The ANT project is happy to announce that our extensions to Hadoop to support splitting of bzip2-compressed files have been accepted to appear in the next Hadoop release (will be 0.21.0).
Support for compression is important in map/reduce because it reduces the amount of I/O, and because important input files (for us, our Internet address censuses) are provided in compressed format.
Splitting is important in map/reduce, because splitting allows many computers to process parts of a few big files. Since the whole point of Hadoop and map/reduce is processing big files (for us, 4GB or more) with many computers (for us, dozens to hundreds), splitting is really essential.
Until now, Hadoop did not support splitting of compressed files. Instead, if input data was compressed, you get at most one computer per file. Some work-arounds were possible, but basically unpleasant, and often requiring that one rewrite all the input data is some other format.
Our extensions (see HADOOP-4012 and MAPREDUCE-830, plus HADOOP-3646 that went into 0.19.0) support Hadoop execution over bzip2 files with automatic splitting. Getting this done was trickier than one might expect: Hadoop really wants to decide where to split files, yet bzip2 can only support splits at specific locations that are different, and users don’t care about either of these but instead only about their record boundaries. Fortunately, we were able to align all of these constraints, and deal with the corner cases that inevitably arise. (What if the bzip2 marker appears in normal data? What happens when markers exactly align, or are off-by-one?)

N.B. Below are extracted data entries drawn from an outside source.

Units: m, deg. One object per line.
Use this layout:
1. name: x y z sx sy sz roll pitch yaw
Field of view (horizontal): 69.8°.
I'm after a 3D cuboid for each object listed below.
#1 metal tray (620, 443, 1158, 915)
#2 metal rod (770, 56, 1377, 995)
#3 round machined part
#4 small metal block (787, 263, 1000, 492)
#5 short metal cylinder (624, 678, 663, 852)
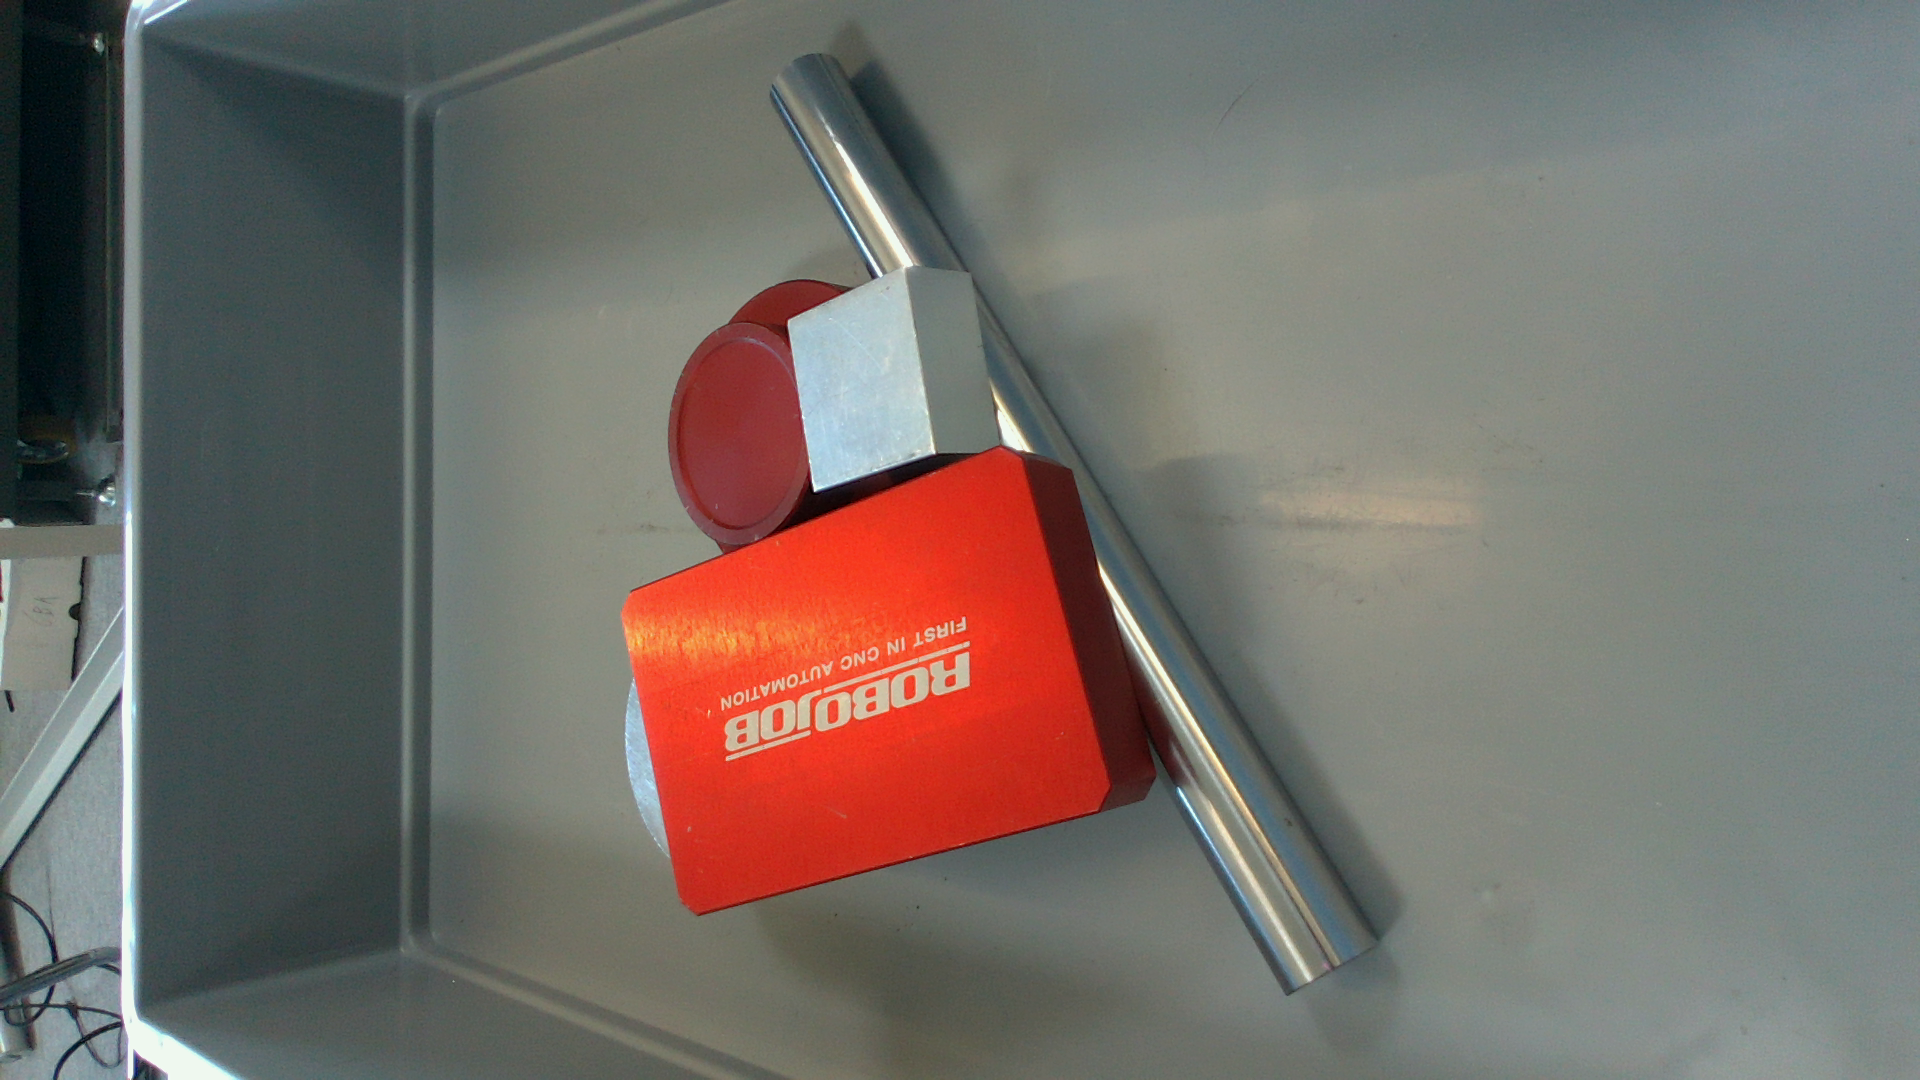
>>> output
1. metal tray: -0.023 0.039 0.359 0.130 0.030 0.090 -20 77 25
2. metal rod: 0.019 -0.021 0.377 0.025 0.025 0.300 -43 64 31
3. round machined part: -0.055 -0.032 0.427 0.098 0.042 0.098 0 90 41
4. small metal block: -0.019 -0.043 0.378 0.050 0.025 0.050 -14 84 44
5. short metal cylinder: -0.059 0.060 0.426 0.080 0.050 0.080 0 90 40
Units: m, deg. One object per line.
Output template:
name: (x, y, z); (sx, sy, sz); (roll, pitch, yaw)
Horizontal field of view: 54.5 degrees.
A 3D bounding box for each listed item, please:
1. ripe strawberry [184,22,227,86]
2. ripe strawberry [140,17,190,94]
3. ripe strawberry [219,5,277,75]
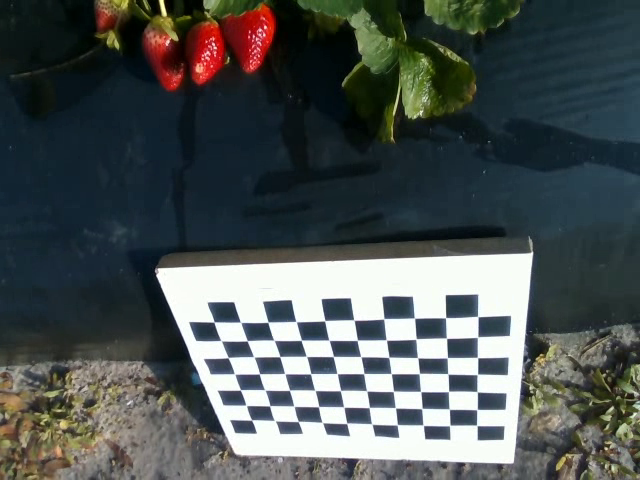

Abdul Qadeer did this work in 2008, working with Yuri Pradkin and me (John Heidemann), and continued to work with the patch through its getting committed. We especially thank Chris Douglas at Yahoo for shepherding patch through the Hadoop bug tracking system, including helping clean it up and add test cases. And we thank Doug Cutting for initially suggesting bzip2 as a splittable compression scheme.
This work was supported by NSF through the MR-Net research project (CNS-0823774).